Juwesm · 14/06/2009 22:22

K999 - we used to make similar 'Easter Bonnets' - marshmallow on a Rich Tea biscuit, covered in icing and decoarated with jelly diamonds etc

Coconut Ice?

K999 · 14/06/2009 22:24

Fimbo - that sounds good....

hatwoman · 14/06/2009 22:32

excellent ideas - what's anyone's opinion on using raw egg white for peppermint creams though? personally it doesn't bother me - but might it bother some parents? also need to check if there's a microwave at the place where we'll be doing it - of there is then the florentine idea sounds good.

OP posts:
Fimbo · 14/06/2009 22:33

Yes! Yum.

Thought of something else - two digestive biscuits, sandwich them with jam, make up icing, plain or coloured using food colouring, ice the tops, sprinkle hundreds and thousands on and leave to set in the fridge.

Fimbo · 14/06/2009 22:34

Well it was fine back in the good old 70's!

It wouldn't bother me tbh.

onepieceofcremeegg · 14/06/2009 22:34

I wouldn't risk raw egg white tbh. (also my dd is allergic to egg so maybe I am biased)

I expect they could be made without raw egg white?

You don't necessarily need a m'wave to melt chocolate. It can be done in a bowl over another bowl/pan of hot water. I just prefer the m'wave as it is quicker and safer.

hatwoman · 14/06/2009 22:36

I'm not that daft re the chocolate melting - just, like you, would prefer to do it in a microwave with lots of kids around.

OP posts:
onepieceofcremeegg · 14/06/2009 22:39

Sorry, didn't mean that to sound so obvious/insulting.

annoyedmum · 14/06/2009 22:48

well it might be too easy but icing sugar mixed with a little fresh lemon juice makes lemon sweets,just mix it together and roll pieces of it by hand into balls and press flat.

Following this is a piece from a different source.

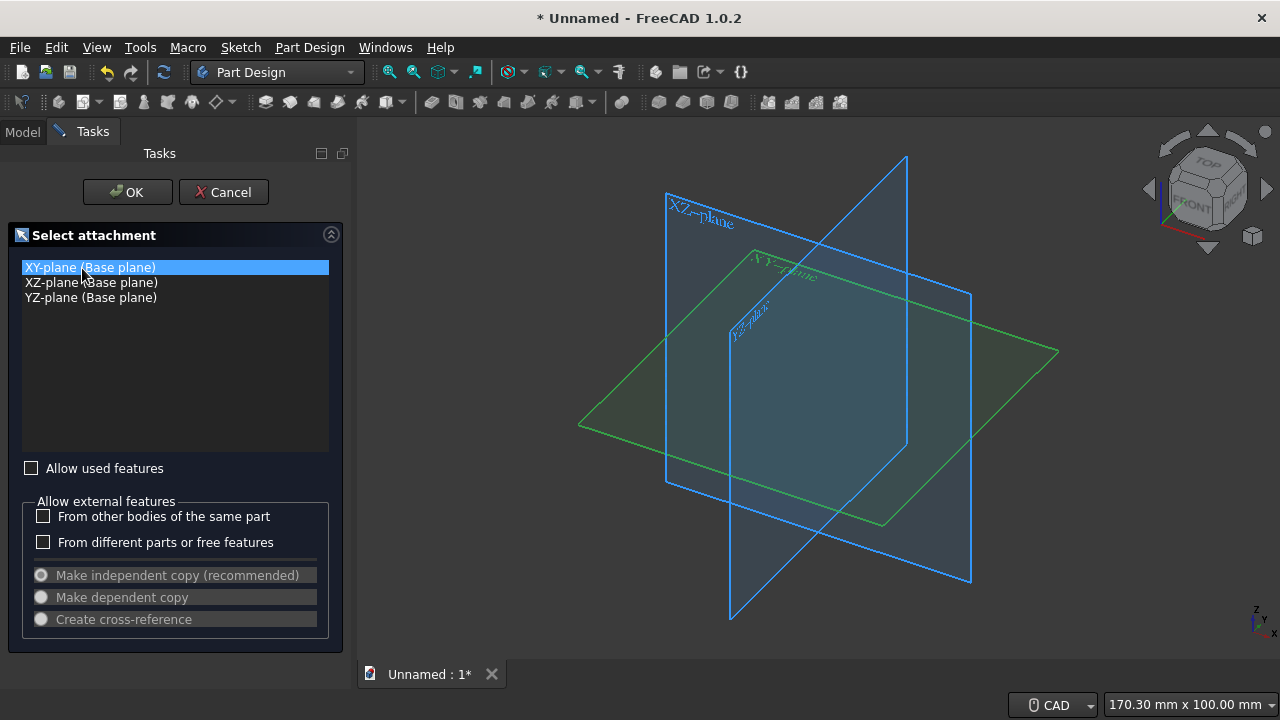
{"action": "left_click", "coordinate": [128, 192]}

Flibbertyjibbet · 14/06/2009 23:07

Coconut ice.
I made some the other week with my pre school age sons.
Can't remember the exact quantities but you need half a can of condensed milk, dessicated coconut and icing sugar.

Just mix it all together (with some food colouring if you want pink etc) squash down into a tray, put in fride, stuffitalldownyourthroat about 3 hours later

Tastes just like bounty bar without the chocolate. have considered dipping chunks of it into melted chocolate to make bounty bars but I have no willpower when it comes to eating anything sweet in the house

Have to say ladies some of the other ideas on here sound VERY nice and of course I could pass them off as education baking time with the kids

hatwoman · 14/06/2009 23:23

blimey - all these years and I never knew you didn;t have to cook coconut ice! (that'll teach me to try to establish any credentials at all by putting my ability to melt chocolate on record...). the only problem with that is that it needs to be left to set - and I;ve only got just over an hour with the girls. maybe if I could find some foil trays they could take it home then cut it up the next day.

OP posts:
LRB978 · 14/06/2009 23:25

hatwoman

Another peppermint creams recipe is made with condensed milk, icing sugar and peppermint flavouring (plus colouring if wished). It works out roughly 4 tablespoons of condensed milk to between half a box and a box of icing sugar (put condensed milk in bowl, sieve in some icing sugar, mix, repeat until mix is firm), plus peppermint flavouring to taste (and a couple of drops of colour if chosen).

This does away with the egg issue, and is easy to do (did it with ds, 7, at Christmas)

hatwoman · 14/06/2009 23:39

oooo LRB978 you may just have come up with the perfect answer. now....if they sell condensed milk at the spar, thus doing away with any need for a trip to the supermarket (15 mile round trip) you will officially be my hero.